Thirdly, to identify human biomarkers for Sb exposure, we analyzed 480 environmental samples from an active Sb mining area in Hunan, China. Elevated Sb concentrations exceeding the acceptable level were detected in drinking water (70% of n = 83 total samples), foods (80%, n = 188), urine (95%, n = 63), saliva (44%, n = 48), hair (80%, n = 51) and nails (83%, n = 47). Drinking water contributed 85%-100% of the average daily dose (ADD) of Sb, and the total ADD (11.7 μg/kg bodyweight/day) was up to thirty times higher than the oral reference dose (0.4 μg/kg bodyweight/day) as recommended by USEPA. A distinct positive correlation was found between ADD and Sb content in hair (p = 0.02), but not in urine (p = 0.051), saliva (p = 0.52) or nails (p = 0.85), suggesting that hair is the best non-invasive biomarker. μ-XRF analysis indicated that Sb is distributed in discrete spots in hair and nails, and Sb distribution is correlated with other metals. Methylated Sb species were predominant in urine (46%-100%) and saliva (74%-100%) in collected samples, implying that the human metabolic system adopts methylation as an effective pathway to detoxify and excrete Sb.

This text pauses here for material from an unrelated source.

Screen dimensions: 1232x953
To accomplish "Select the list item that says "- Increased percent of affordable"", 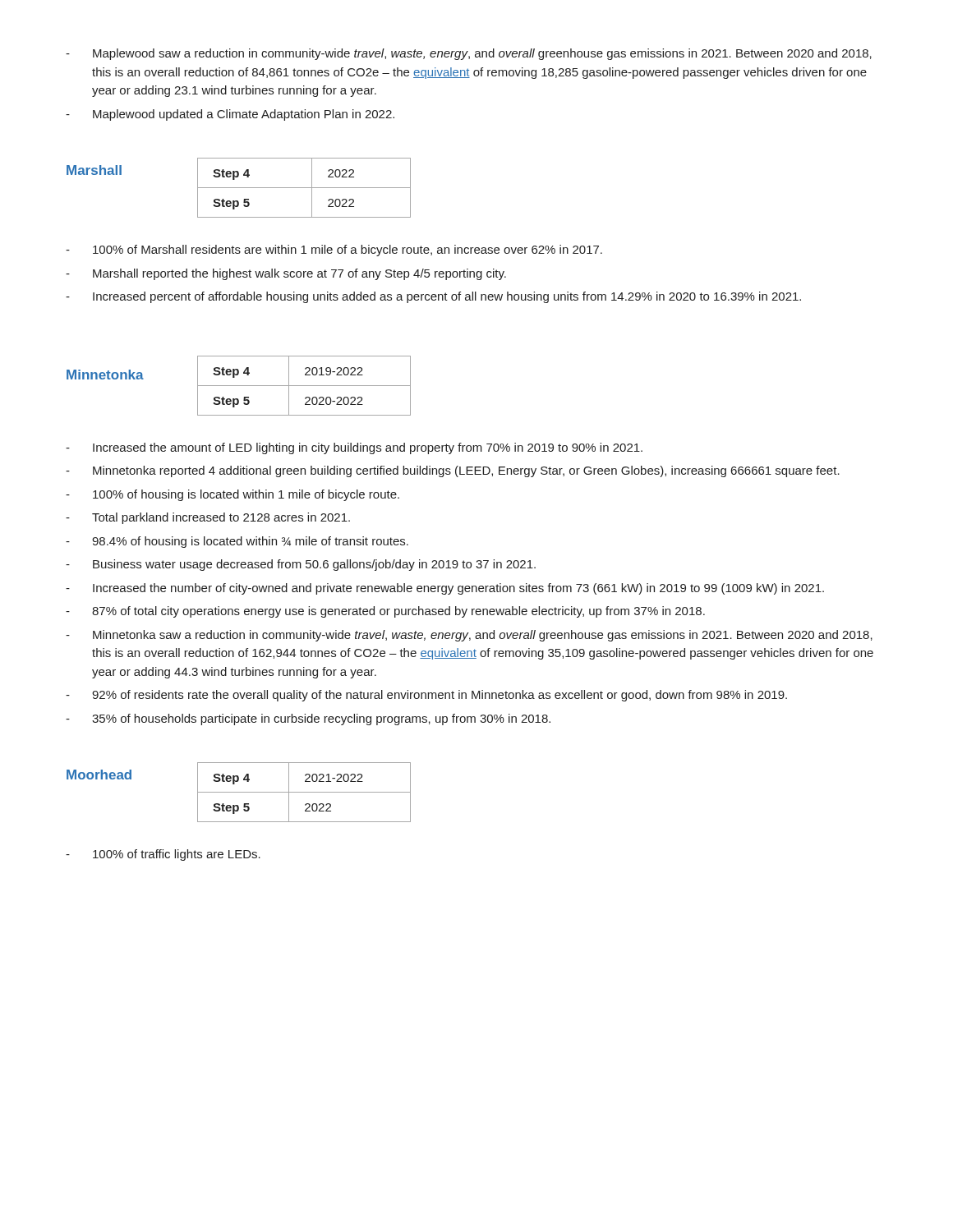I will point(476,297).

Fourthly, the biogenic sulfide is usually assumed to facilitate Sb immobilization via Sb2S3 precipitation. Here, to the contrary, we discovered that SRB mobilize adsorbed Sb(V). When SbV(OH)6--bearing goethite was incubated anaerobically with Desulfovibrio vulgaris DP4, elevated antimony was released due to the formation of thioantimonate which is the dominant Sb species in solution. Our fourier transform ion cyclotron resonance mass spectrometry (FT-ICR MS) analysis observed multiple six- or five-coordinate thioantimonate intermediates, suggesting stepwise ligand exchange of hydroxyl groups on SbV(OH)6- by biogenic sulfide. Direct H2S elimination reactions resulted in four-coordinate thioantimonate species as the stable end product, which was confirmed by our density functional theory (DFT) calculations. The thiolation of antimonate is pH-dependent and occurs in neutral environments. The thiolation changed Sb(V) from six-coordinate octahedral to four-coordinate tetrahedral coordination, weakening its affinity for iron oxides and thus facilitating its release into the aquatic environment.
Finally, biogenic sulfide from microbial sulfate reduction under anaerobic conditions may enhance the release of coexisting As and Sb through the formation of labile thioarsenate (AsV-S) and thioantimonate (SbV-S). To understand the competition between As and Sb for thiolation and its effect on their mobility, we investigated the speciation and fate of As and Sb in the presence of indigenous microbiota in sediments during multiple oxic-anoxic cycles. Our incubation results indicated that As was released under anoxic conditions whereas Sb was mobilized during oxic cycles. The As release was not driven by the Fe(III) reductive dissolution, but by biogenic sulfide through the formation of soluble AsV-S. AsV-S formation outcompeted SbV-S because the limited available sulfide preferentially reacted with As rather than Sb. The Sb mobility was regulated by its redox transformation between antimonate (SbV-O) and antimonite (SbIII-O) where microbial SbV-O reduction resulted in Sb immobilization.